**WORK INSTRUCTIONS**
Of the lines below, copy those that hold the word "with".
START THE RECORDS
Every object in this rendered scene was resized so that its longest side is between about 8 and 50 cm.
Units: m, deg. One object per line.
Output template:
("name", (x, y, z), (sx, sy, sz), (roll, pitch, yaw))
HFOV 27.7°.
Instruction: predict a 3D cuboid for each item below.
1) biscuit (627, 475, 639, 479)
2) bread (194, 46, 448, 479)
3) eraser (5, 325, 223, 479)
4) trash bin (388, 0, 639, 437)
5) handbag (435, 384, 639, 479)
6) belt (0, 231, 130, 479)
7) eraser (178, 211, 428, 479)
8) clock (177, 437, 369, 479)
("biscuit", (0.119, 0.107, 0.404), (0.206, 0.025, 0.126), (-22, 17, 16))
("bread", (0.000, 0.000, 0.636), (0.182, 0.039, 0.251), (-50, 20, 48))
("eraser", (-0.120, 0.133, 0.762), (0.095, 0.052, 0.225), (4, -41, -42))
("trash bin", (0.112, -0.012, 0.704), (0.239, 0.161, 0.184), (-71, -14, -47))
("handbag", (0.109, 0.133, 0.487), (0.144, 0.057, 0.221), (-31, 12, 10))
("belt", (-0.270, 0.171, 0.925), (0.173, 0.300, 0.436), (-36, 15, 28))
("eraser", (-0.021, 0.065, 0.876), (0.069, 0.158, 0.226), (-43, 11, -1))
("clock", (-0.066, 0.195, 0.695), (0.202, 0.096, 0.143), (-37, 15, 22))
END THE RECORDS
START THE RECORDS
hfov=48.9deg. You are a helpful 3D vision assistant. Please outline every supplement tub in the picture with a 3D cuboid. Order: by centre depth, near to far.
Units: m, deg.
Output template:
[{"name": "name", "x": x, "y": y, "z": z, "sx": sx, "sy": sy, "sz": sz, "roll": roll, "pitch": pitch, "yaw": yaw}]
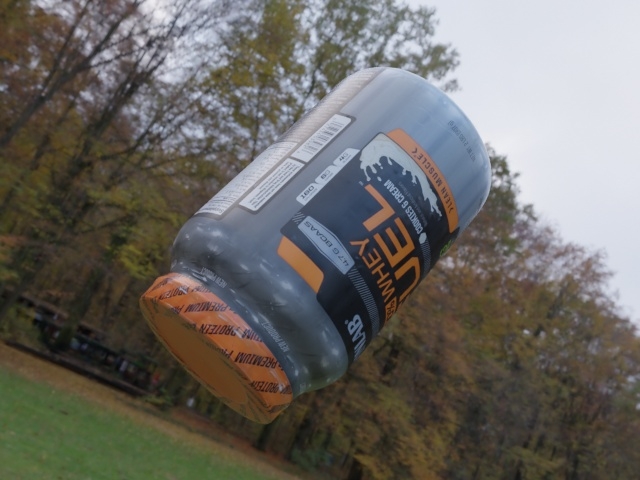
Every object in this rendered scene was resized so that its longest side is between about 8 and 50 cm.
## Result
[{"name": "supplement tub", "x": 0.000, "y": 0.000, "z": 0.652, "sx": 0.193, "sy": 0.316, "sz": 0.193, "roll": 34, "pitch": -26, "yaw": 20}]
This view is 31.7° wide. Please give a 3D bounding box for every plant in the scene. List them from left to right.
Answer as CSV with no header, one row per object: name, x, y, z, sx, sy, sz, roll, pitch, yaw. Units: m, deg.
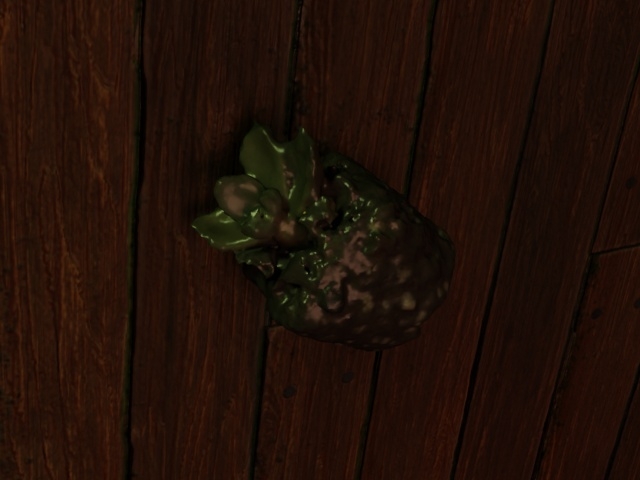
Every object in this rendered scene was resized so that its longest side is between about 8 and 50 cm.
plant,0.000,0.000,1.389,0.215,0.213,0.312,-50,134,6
END THE RECORDS
START THE RECORDS
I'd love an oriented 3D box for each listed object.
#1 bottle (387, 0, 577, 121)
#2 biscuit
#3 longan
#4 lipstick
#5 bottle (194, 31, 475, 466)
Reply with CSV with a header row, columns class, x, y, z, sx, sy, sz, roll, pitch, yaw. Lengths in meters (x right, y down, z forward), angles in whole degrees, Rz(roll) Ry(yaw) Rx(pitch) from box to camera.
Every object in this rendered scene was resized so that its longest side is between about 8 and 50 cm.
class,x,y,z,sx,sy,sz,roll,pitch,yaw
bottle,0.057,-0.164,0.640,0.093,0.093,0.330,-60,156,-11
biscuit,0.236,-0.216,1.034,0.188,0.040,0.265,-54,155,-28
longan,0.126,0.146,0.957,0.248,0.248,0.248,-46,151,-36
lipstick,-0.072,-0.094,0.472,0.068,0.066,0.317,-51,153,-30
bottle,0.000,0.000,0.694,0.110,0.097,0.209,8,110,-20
END THE RECORDS
**EXERCISE RESPONSE**
hfov=48.9deg. You are a helpful 3D vision assistant. Please outline every supplement tub in the picture with a 3D cuboid. Order: by centre depth, near to far.
Answer as CSV with no header, one row per object: name, x, y, z, sx, sy, sz, roll, pitch, yaw. Units: m, deg.
Reply with CSV with a header row, columns class, x, y, z, sx, sy, sz, roll, pitch, yaw. Lengths in meters (x right, y down, z forward), angles in whole degrees, Rz(roll) Ry(yaw) Rx(pitch) from box to camera.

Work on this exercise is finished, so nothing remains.